FSH, yang dilepaskan ke dalam aliran darah oleh rangsangan dari hormon GnRH (Gonadotropin Releasing Hormone), menyebabkan sel-sel telur di dalam ovarium tumbuh. Sel telur yang matang memberikan umpan balik ke kelenjar hipofisis untuk memproduksi LH, yang akan membantu pengeluaran sel telur dari folikelnya (proses yang dinamakan ovulasi) dan mengubah folikel kosong ini menjadi korpus luteum, yang berfungsi memproduksi hormon progesteron, untuk mempersiapkan otot rahim (endometrium) menjadi tempat perlekatan sel telur yang telah dibuahi. Beberapa penelitian telah dilakukan untuk meneliti efek dari MSG terhadap sistem reproduksi, antara lain penelitian oleh Redding T (1971) yang mengungkapkan bahwa MSG menurunkan kadar GnRH dan LH pada mencit, atau penelitian oleh Lamperti dkk (1976 dan 1977) yang membuktikan bahwa MSG menyebabkan lesi otak yang menghambat perkembangan folikel dalam ovarium mencit serta menurunkan kadar FSH dan LH dalam darah. Penelitian-penelitian lain juga mengungkapkan efek buruk dari pemberian MSG terhadap kesehatan reproduksi, antara lain menyebabkan kerusakan sel saraf, pengurangan berat kelenjar penghasil hormon (endokrin), pemanjangan siklus estrus, pengurangan berat testis, penurunan jumlah folikel, penuaan sel telur, dan pengurangan reseptor hormon estrogen, sehingga sel menjadi kurang sensitif terhadap hormon estrogen. Penelitian terbaru tahun 2007 juga menunjukkan adanya degenerasi sel dengan pemberian MSG 6 gram dan kemungkinan perannya sebagai racun bagi sel telur dan folikel di ovarium.

Terkait masalah etik, memang belum ada penelitian menyeluruh mengenai efek MSG pada reproduksi manusia.

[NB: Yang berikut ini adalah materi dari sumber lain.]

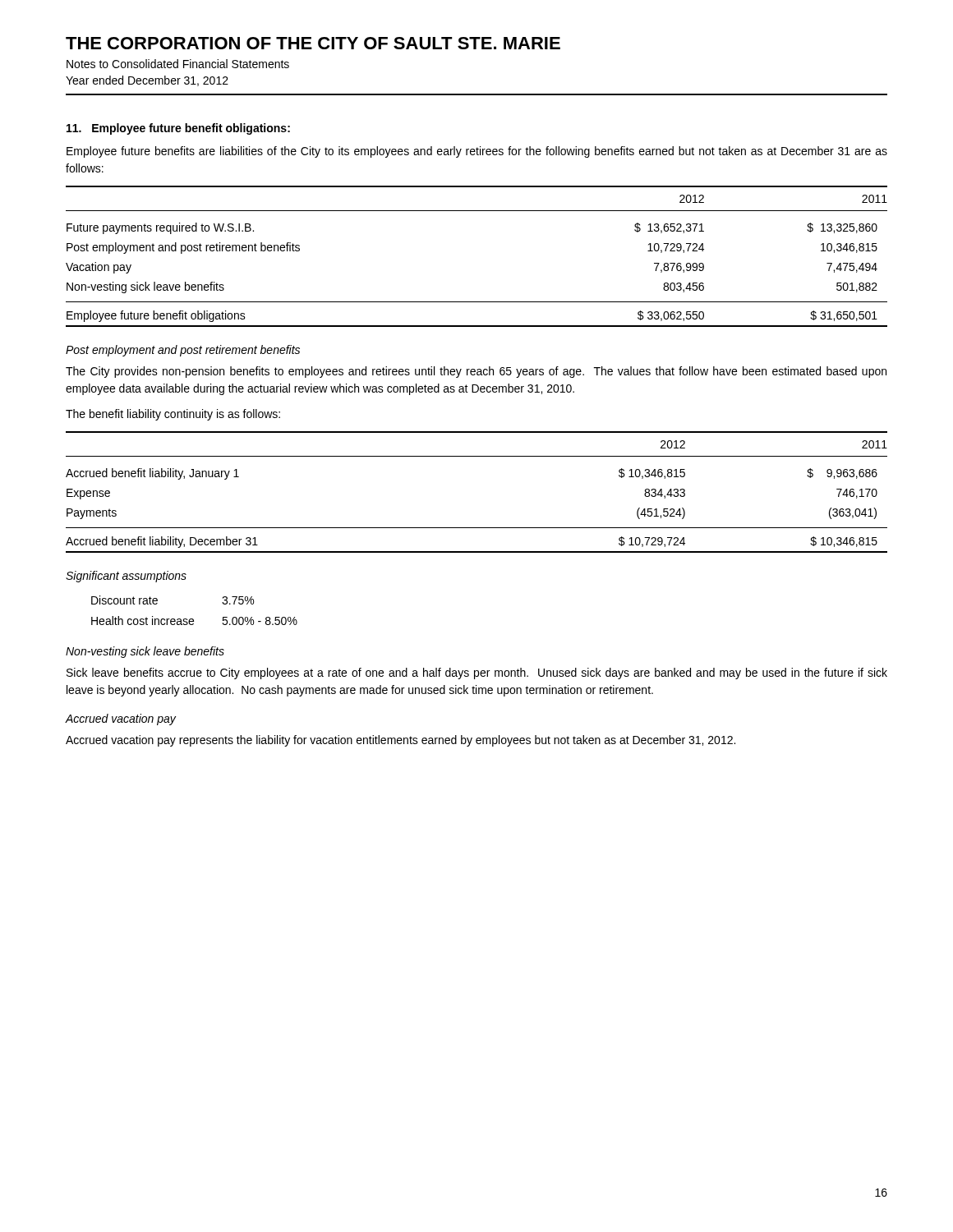Viewport: 953px width, 1232px height.
Task: Navigate to the text starting "Post employment and post retirement benefits"
Action: (x=183, y=350)
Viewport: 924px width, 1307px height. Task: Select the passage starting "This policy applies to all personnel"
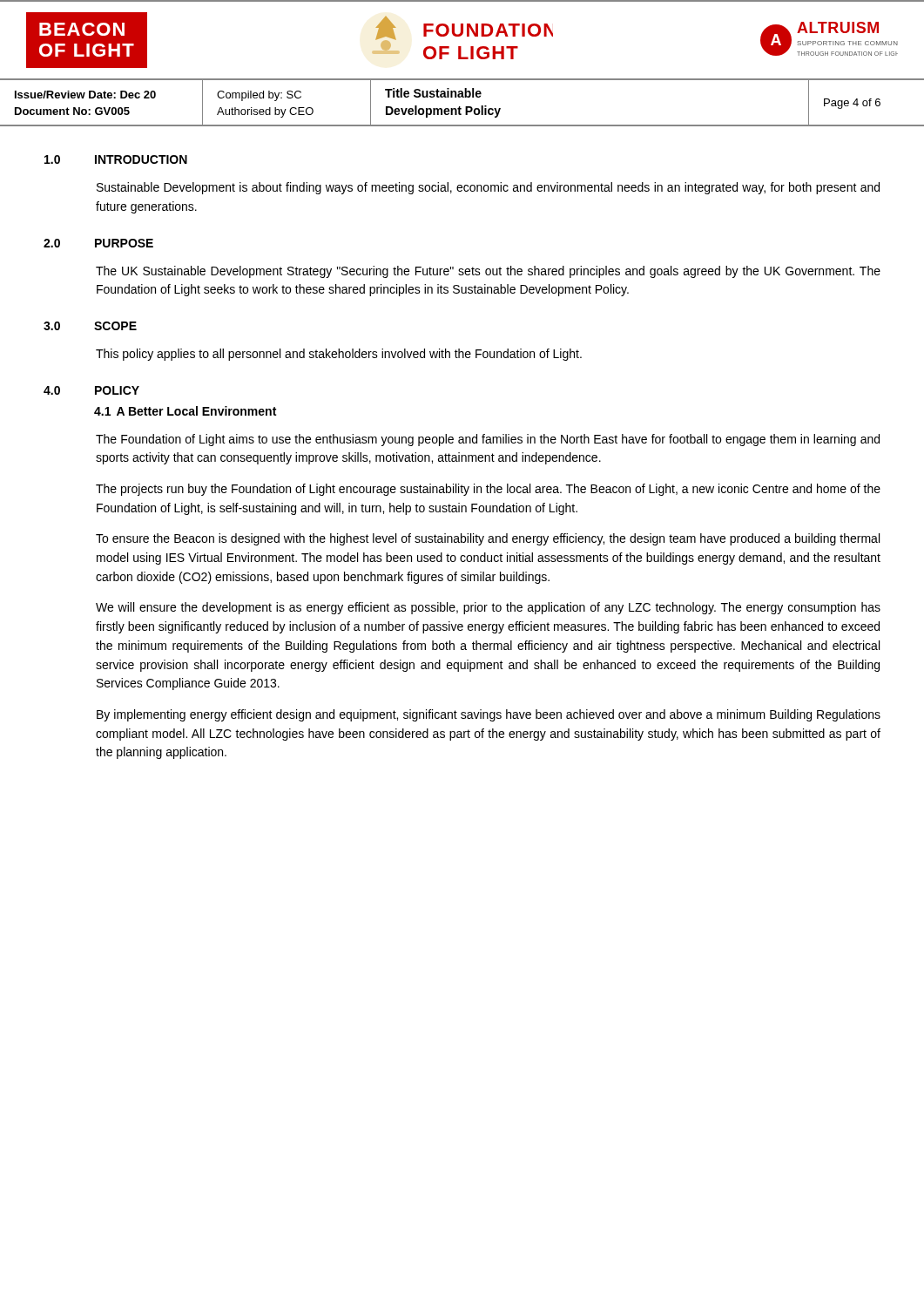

Namun dari berbagai hasil penelitian pada binatang di atas, tidaklah berlebihan jika kita lebih hati-hati dalam menggunakan MSG pada makanan sehari-hari, karena kemungkinan efek buruk terhadap sistem reproduksi yang dapat mempengaruhi kesuburan pria maupun wanita.

Selama tiga puluh tahun, para ahli dan peneliti telah menggunakan MSG dalam eksperimen mereka dengan tujuan membuat uji obese dan pre-diabetic, stroke ischemic, dan menghancurkan jaringan sel in vivo dan in vitro. Jumlah penelitian yang menggunakan MSG untuk menyebabkan efek negatif dalam orang yang diuji yang jumlahnya di atas 1000, dipublikasikan dalam berbagai jurnal medikal dan sains dalam banyak negara berbeda. Monosodium glutamat yang ditambahkan ke dalam makanan telah ditunjukkan untuk meningkatkan keinginan orang yang diuji untuk makan lebih cepat dan lebih sering.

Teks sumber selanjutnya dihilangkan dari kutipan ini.